The Streak and Seven Habits

As a baseball fan growing up in Bethesda, Maryland years before the Nationals’ eventual move to Washington D.C., I pulled hard for the Baltimore Orioles. I remember fondly trips to Memorial Stadium with my father, cheering for the Birds and then falling asleep during the rides home on 95 South. At age 11, I watched Cal Ripken play his first game for the O’s in May 1982. No one could have anticipated what happened next.

While Ripken soon transitioned from third base to shortstop, he never stopped playing. On September 6, 1995, Ripken played in his 2,131st consecutive game, surpassing Lou Gehrig’s streak (which had stood for 56 years) and officially becoming baseball’s Iron Man. I watched that game from my living room in St. Louis, and as a 23-year old, I cried tears of joy as he circled the field and acknowledged the fans. I was overwhelmed with pride and in awe of his accomplishment.

Since then, I have always loved streaks. Not so much winning streaks, but streaks that hinge on the daily grind. Ripken was a great player, but he is best known for fighting through the aches, pains, and nagging injuries that arise while playing 162 games in 180 days, and not taking a day off for more than 16 years.

Fast forward to 2017. Inspired by my baseball idol, motivated by my new Fitbit, and amused by some rather zany streaks accomplished by a lifelong friend, I proclaimed on February 1st that I would walk at least 10,000 steps a day for 1,000 consecutive days. To be clear, I was not striving for the extraordinary. Many of us walk this much on many days; my only challenge was to do it every day.

A few weeks ago (October 28, to be exact), I completed the streak.
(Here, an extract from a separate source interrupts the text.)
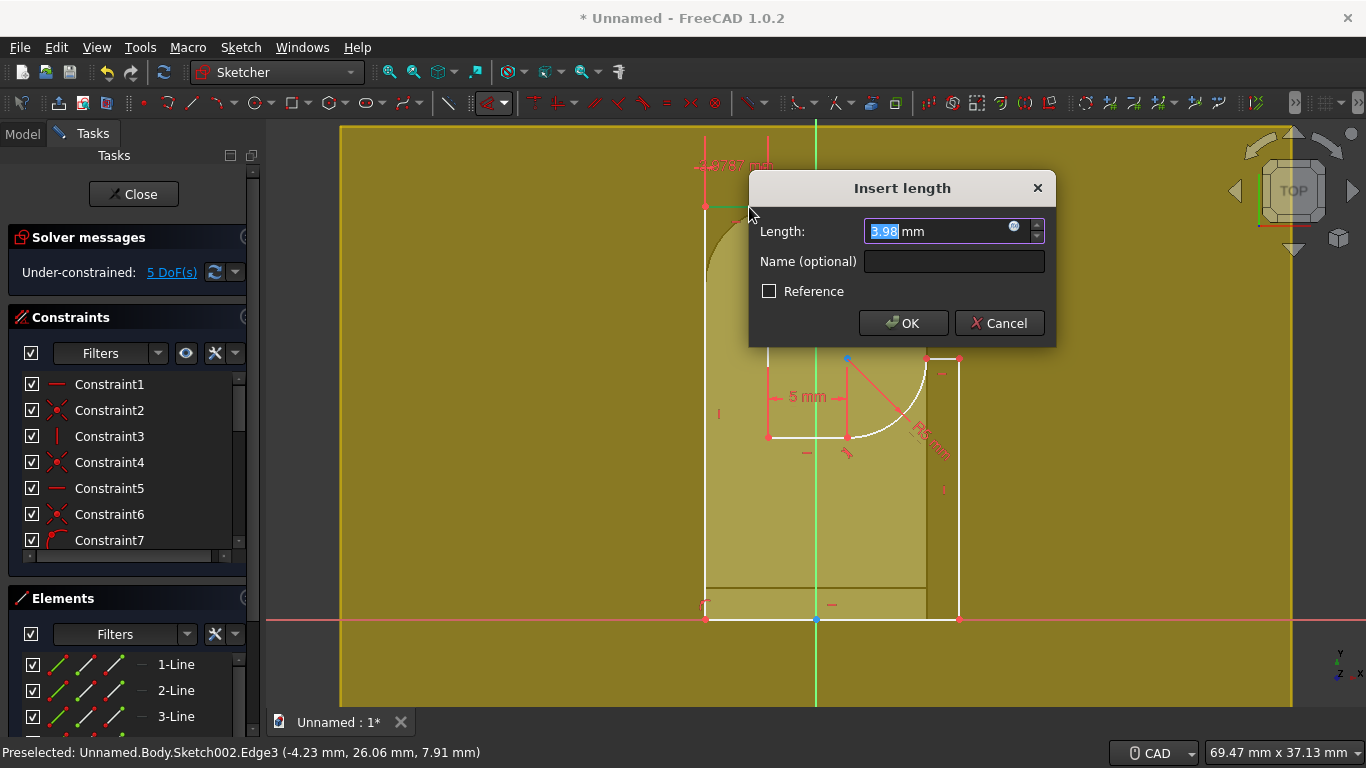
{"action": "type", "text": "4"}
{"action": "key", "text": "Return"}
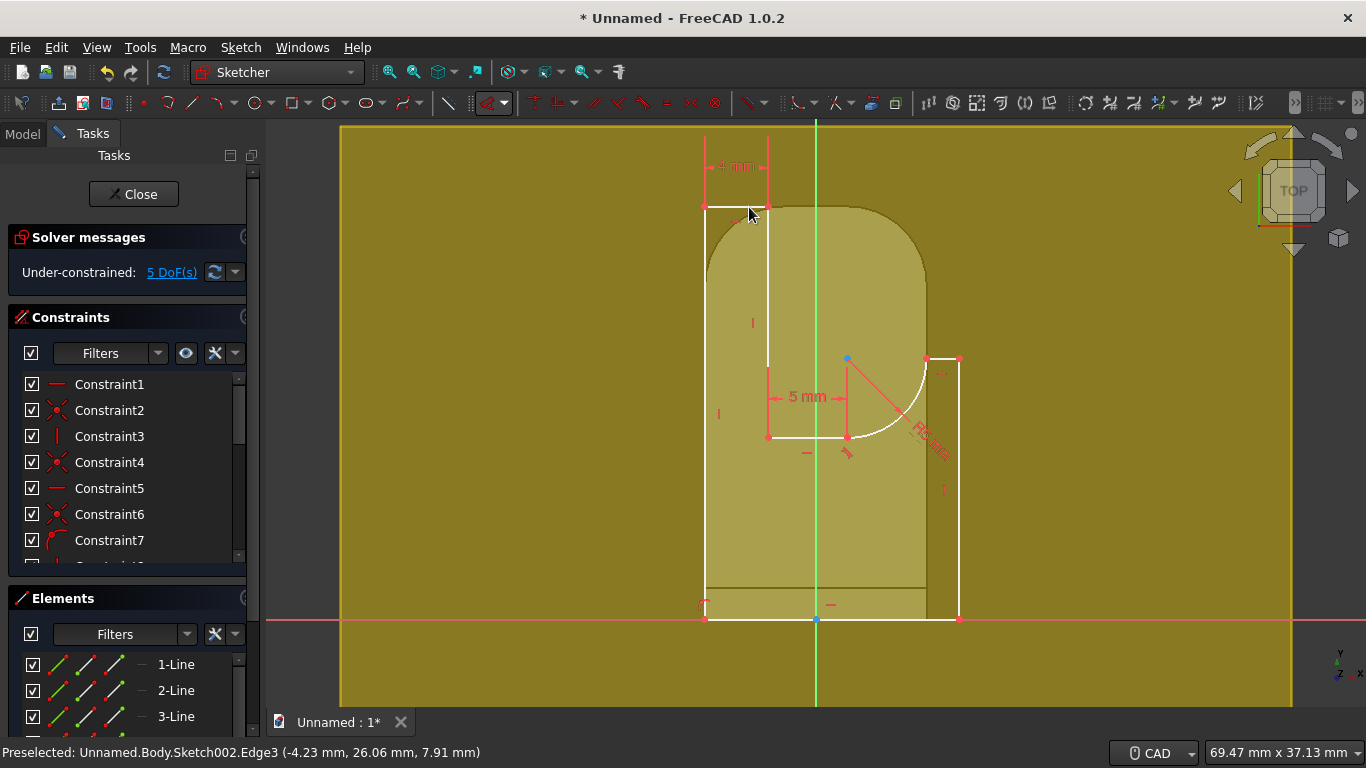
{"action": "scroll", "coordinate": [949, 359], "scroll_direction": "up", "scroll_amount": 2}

While there were a few nervous moments – a kidney stone and a nasty bout of food poisoning top the list – I was lucky to avoid any serious issues, and I just kept walking.

What I failed to anticipate in February 2017 is that adhering to this streak would fundamentally change my habits in profound ways. I became less sedentary, walking in between morning handshakes, intentionally parking far from stores, taking stairs instead of the elevator, and leaving my office more during the day. I also became more helpful, as I came to see walking the dog, grocery shopping, and even basic household chores as opportunities to get steps. A shift in mindset accompanied my new habits. Even this morning, as I frantically scoured the house in search of my daughter’s gym bag, my mood stayed relatively light as I thought about my increasing step count.
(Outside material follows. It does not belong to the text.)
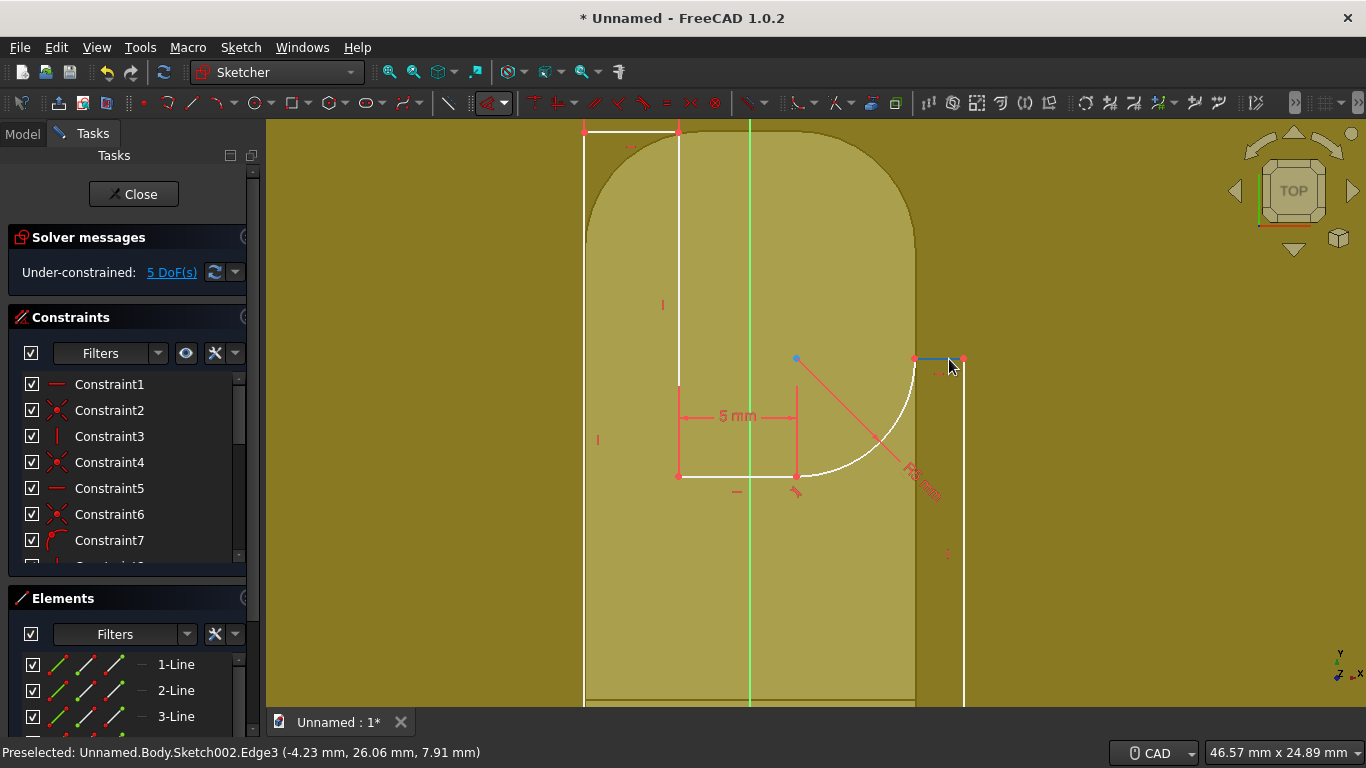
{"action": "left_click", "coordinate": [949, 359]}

These thousand days afforded me a much greater respect for the power of habits, behaviors which grow stronger and more automatic over time. Psychologists explain that habits create neurological cravings – my wife would agree that I have become a compulsive walker – as our brains link reward pathways to these repeated behaviors. We certainly try to instill habits at home (brushing teeth, eating healthy, expressing gratitude) and at school (living the core values, reading, staying organized), and this can best be achieved when teachers and parents work together.

As a final note, I’ll share that I even re-read The 7 Habits of Highly Effective Teens by Sean Covey. While these habits are less quantifiable, they are certainly worthy of our consideration. For those who don’t plan to read the 245-page book, here’s a quick summary:

  • Be Proactive. This begins with, yet ultimately goes far beyond, taking initiative. Being proactive means accepting responsibility for our actions, making choices based on principles, and becoming agents of change.
  • Begin with the end in mind. Years ago, having learned that I had proposed to his daughter, my future father-in-law asked me about my 15-year plan. I suppose he wanted me to work on Habit #2.
  • Put first things first. Moving from procrastinator to prioritizer requires that we devote more time to the “important but not urgent” quadrant of our lives.
  • Think win-win. People with this mindset think in terms of “we” and not “me.” Founded in mutual respect, it makes conflict resolution possible and leads to powerful collaboration.
  • Seek first to understand, then to be understood. “Doing good” often involves asking a question and then listening intently to the entire answer.
  • Synergize. Avoid cliques. Celebrate differences. Reach out to others.
  • Sharpen the saw. Adults should pay particular attention to this final habit. As we balance work with raising children, it’s important for us to carve out time for personal renewal.

My niece recently suggested that I shoot for 10,000 consecutive days. I’ll be back in touch in 2044.